Collection entries
+ + + + +

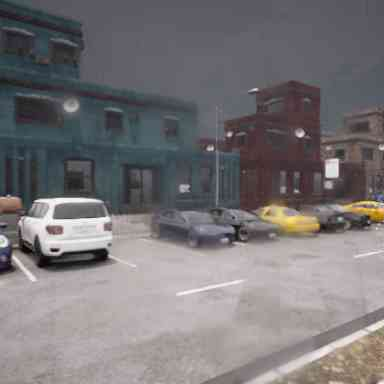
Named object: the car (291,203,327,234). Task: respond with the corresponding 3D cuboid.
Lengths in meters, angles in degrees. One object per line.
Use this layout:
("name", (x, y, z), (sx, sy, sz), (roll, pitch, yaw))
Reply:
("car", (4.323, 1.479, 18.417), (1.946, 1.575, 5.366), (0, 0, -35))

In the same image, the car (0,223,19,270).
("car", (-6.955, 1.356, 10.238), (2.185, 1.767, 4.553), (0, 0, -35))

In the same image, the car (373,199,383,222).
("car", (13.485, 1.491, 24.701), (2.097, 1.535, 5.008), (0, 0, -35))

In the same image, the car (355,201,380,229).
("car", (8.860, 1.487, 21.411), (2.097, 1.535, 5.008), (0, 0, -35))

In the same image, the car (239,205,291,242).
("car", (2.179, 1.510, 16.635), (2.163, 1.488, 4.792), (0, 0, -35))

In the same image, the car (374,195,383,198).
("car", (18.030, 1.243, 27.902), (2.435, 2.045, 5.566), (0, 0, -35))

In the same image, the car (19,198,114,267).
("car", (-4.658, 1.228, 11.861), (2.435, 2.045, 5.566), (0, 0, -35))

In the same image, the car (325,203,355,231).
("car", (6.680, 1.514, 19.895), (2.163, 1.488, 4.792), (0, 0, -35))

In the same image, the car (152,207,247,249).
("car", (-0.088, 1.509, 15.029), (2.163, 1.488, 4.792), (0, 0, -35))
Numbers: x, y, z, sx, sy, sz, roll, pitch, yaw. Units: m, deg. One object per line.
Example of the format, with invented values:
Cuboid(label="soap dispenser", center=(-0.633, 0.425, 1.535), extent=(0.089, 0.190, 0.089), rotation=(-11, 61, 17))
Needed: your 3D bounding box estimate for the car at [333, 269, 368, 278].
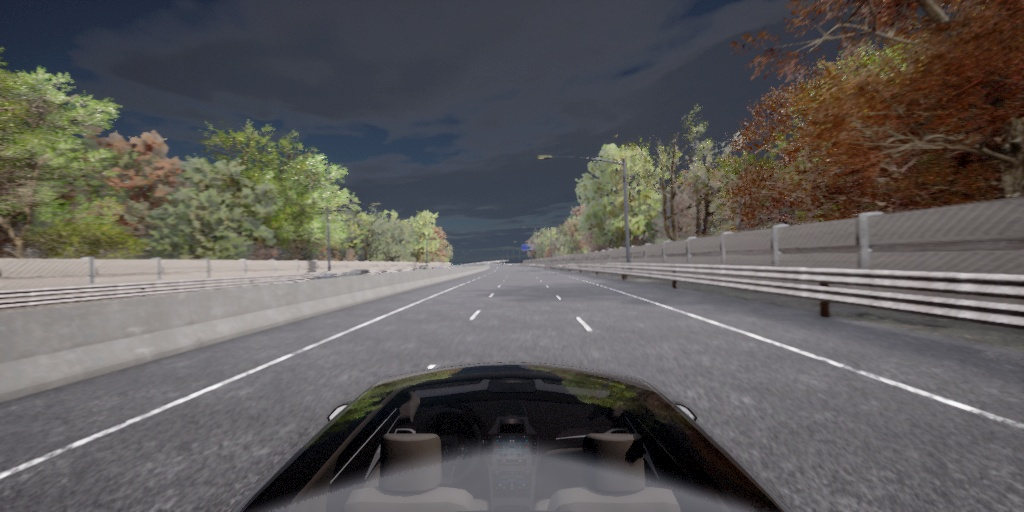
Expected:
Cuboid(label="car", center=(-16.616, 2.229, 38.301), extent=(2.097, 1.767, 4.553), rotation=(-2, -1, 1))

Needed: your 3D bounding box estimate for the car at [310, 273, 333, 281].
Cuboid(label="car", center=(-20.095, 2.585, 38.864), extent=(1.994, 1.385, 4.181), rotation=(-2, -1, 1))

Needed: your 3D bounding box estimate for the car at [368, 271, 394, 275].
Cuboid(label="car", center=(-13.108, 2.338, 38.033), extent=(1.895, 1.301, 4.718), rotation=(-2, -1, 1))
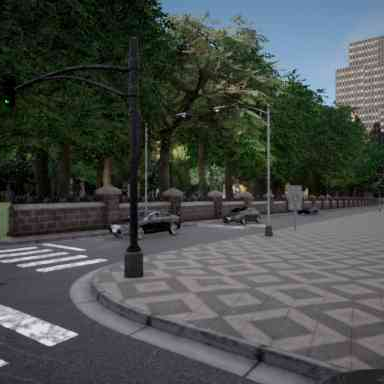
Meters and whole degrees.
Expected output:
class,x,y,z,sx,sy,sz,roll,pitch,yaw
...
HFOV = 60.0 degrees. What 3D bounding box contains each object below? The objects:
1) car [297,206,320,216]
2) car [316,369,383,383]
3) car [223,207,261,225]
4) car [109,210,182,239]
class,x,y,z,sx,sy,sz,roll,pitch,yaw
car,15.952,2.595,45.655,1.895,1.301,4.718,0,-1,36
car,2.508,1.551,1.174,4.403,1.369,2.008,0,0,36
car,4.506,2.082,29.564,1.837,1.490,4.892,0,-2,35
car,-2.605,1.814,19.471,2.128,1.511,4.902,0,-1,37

+ + + + +

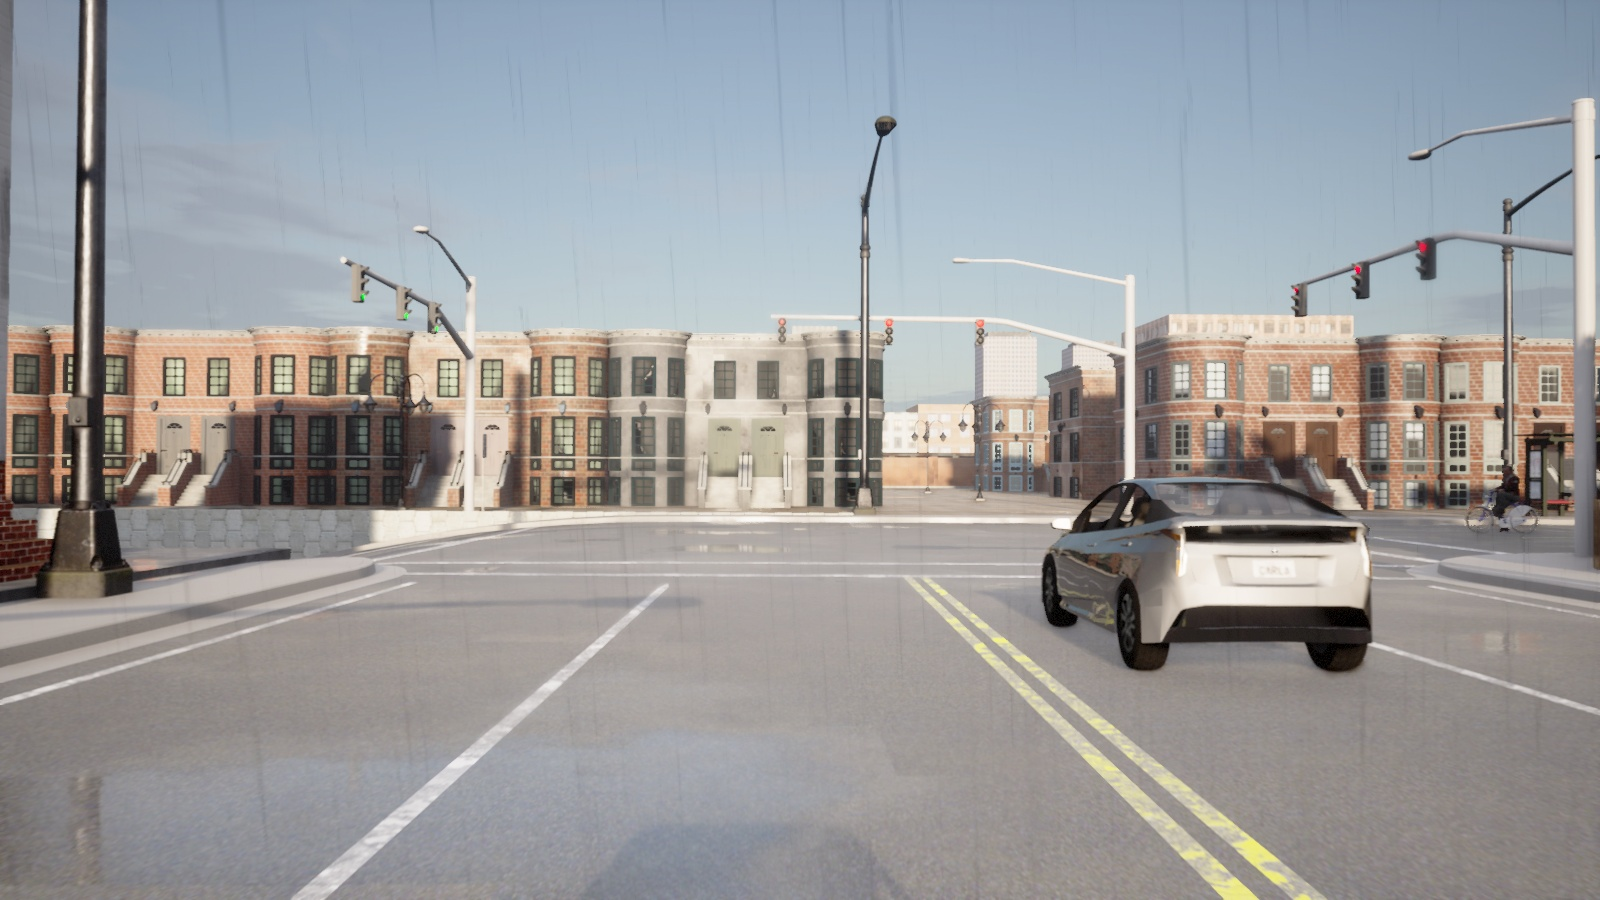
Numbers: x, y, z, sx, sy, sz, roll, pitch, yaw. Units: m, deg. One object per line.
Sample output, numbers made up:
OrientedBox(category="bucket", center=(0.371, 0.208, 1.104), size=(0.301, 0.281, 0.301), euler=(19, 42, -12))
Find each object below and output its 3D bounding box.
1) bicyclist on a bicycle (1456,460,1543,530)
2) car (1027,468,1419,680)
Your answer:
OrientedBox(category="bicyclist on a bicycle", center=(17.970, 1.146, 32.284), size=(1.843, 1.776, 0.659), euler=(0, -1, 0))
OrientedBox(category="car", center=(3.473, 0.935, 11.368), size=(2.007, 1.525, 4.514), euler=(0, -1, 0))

+ + + + +

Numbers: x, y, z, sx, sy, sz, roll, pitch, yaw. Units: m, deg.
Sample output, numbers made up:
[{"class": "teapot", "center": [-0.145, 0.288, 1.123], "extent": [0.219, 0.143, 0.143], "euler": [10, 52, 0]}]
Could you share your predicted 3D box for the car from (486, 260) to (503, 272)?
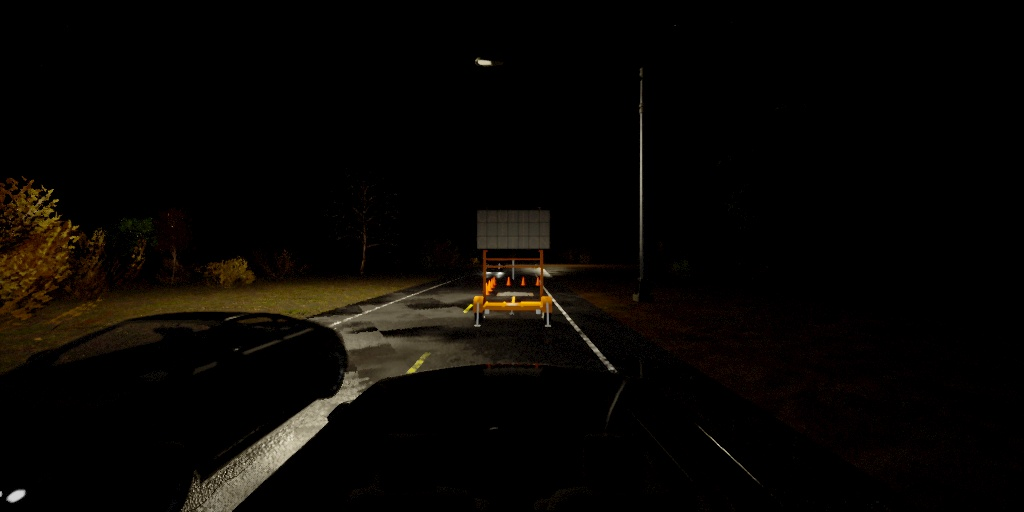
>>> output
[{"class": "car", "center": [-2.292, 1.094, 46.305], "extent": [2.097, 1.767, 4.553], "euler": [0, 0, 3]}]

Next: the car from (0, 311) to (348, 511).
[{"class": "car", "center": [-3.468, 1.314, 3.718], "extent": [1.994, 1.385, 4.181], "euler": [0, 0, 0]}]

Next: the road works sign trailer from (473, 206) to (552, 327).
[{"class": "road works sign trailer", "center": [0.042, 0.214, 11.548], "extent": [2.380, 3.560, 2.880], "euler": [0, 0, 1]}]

+ + + + +

Using the data above, retype exactly and only the lines from the one containing "rotation=(-11, 61, 17))" up to and including the one containing "3) car [223,207,261,225]", with no pictures carried over.

Cuboid(label="soap dispenser", center=(-0.633, 0.425, 1.535), extent=(0.089, 0.190, 0.089), rotation=(-11, 61, 17))
Needed: your 3D bounding box estimate for the car at [333, 269, 368, 278].
Expected:
Cuboid(label="car", center=(-16.616, 2.229, 38.301), extent=(2.097, 1.767, 4.553), rotation=(-2, -1, 1))

Needed: your 3D bounding box estimate for the car at [310, 273, 333, 281].
Cuboid(label="car", center=(-20.095, 2.585, 38.864), extent=(1.994, 1.385, 4.181), rotation=(-2, -1, 1))

Needed: your 3D bounding box estimate for the car at [368, 271, 394, 275].
Cuboid(label="car", center=(-13.108, 2.338, 38.033), extent=(1.895, 1.301, 4.718), rotation=(-2, -1, 1))
Meters and whole degrees.
Expected output:
class,x,y,z,sx,sy,sz,roll,pitch,yaw
...
HFOV = 60.0 degrees. What 3D bounding box contains each object below? The objects:
1) car [297,206,320,216]
2) car [316,369,383,383]
3) car [223,207,261,225]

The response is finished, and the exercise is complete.